Objective: Despite recent advances in molecular biology and genetics, the development of intracranial aneurysms (IA) is still poorly understood. Elucidation of the processes occurring in the IA wall is essential for a better understanding of IA pathophysiology. We sought to analyze the current evidence from histological, molecular and genetic studies of IA.
Methods: We systematically searched PubMed, Scopus, Web of Science and Cochrane Library for articles published before Mar 1, 2019 reporting on different diagnostic markers in human IA specimens. Expression of the markers in IA wall (vs. healthy arterial wall) and association with the rupture status were analyzed.
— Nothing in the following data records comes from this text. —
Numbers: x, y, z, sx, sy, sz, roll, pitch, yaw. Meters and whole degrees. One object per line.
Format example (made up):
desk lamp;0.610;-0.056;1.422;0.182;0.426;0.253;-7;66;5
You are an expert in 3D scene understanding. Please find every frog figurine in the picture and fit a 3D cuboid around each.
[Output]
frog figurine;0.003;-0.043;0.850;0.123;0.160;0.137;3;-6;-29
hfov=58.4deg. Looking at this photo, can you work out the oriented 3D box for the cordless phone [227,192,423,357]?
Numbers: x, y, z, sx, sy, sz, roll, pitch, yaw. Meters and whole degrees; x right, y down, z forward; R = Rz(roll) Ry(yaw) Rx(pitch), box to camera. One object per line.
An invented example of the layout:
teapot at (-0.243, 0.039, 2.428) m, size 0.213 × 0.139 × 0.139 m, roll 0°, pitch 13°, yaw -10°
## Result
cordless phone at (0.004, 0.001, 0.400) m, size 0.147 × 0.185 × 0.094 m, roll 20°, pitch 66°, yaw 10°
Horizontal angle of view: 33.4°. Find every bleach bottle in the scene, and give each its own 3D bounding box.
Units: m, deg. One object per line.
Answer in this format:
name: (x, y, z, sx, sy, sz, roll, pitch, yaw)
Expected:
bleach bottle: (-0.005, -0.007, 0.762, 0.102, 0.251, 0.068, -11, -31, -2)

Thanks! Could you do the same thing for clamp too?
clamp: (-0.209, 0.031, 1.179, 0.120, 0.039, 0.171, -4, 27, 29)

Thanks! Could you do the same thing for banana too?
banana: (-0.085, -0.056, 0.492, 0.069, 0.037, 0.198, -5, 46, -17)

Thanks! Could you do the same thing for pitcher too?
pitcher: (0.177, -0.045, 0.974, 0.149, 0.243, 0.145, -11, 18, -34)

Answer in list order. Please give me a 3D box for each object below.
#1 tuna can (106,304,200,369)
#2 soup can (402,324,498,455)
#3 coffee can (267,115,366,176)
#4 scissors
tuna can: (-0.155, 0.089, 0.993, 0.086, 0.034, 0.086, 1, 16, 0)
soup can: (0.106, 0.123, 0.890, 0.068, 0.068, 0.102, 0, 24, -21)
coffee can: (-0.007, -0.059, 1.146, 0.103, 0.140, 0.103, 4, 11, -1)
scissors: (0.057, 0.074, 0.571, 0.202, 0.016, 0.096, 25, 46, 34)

The quality of the included studies and the level of the evidence for the markers were incorporated into the final data assessment.
Results: We included 123 studies reporting on analyses of 3476 IA (median 19 IA/study) published between 1966 and 2018. Based on microscopic, biochemical, genetic and biomechanical analyses, data on 358 diagnostic targets in the IA wall were collected. We developed a scale to distribute the diagnostic markers according to their specificity for IA or healthy arterial wall, as well as for ruptured or unruptured IA. We identified different functional pathways, which might reflect the intrinsic and extrinsic processes underlying IA pathophysiology.
Conclusions: Multiple histological and molecular markers and the related functional pathways contributing to the development of IA might present promising targets for future therapeutic interventions. Because of small numbers of IA samples in each study, 89% of the analyzed diagnostic markers presented with the lowest level of evidence. This underlines the need for the initiation of a multi-centric prospective histological IA register for pooled data analysis.
Keywords: formation; genetic; histology; immunohistochemistry; inflammation; intracranial aneurysm; marker; molecular; rupture.
© 2020 International Society of Neuropathology.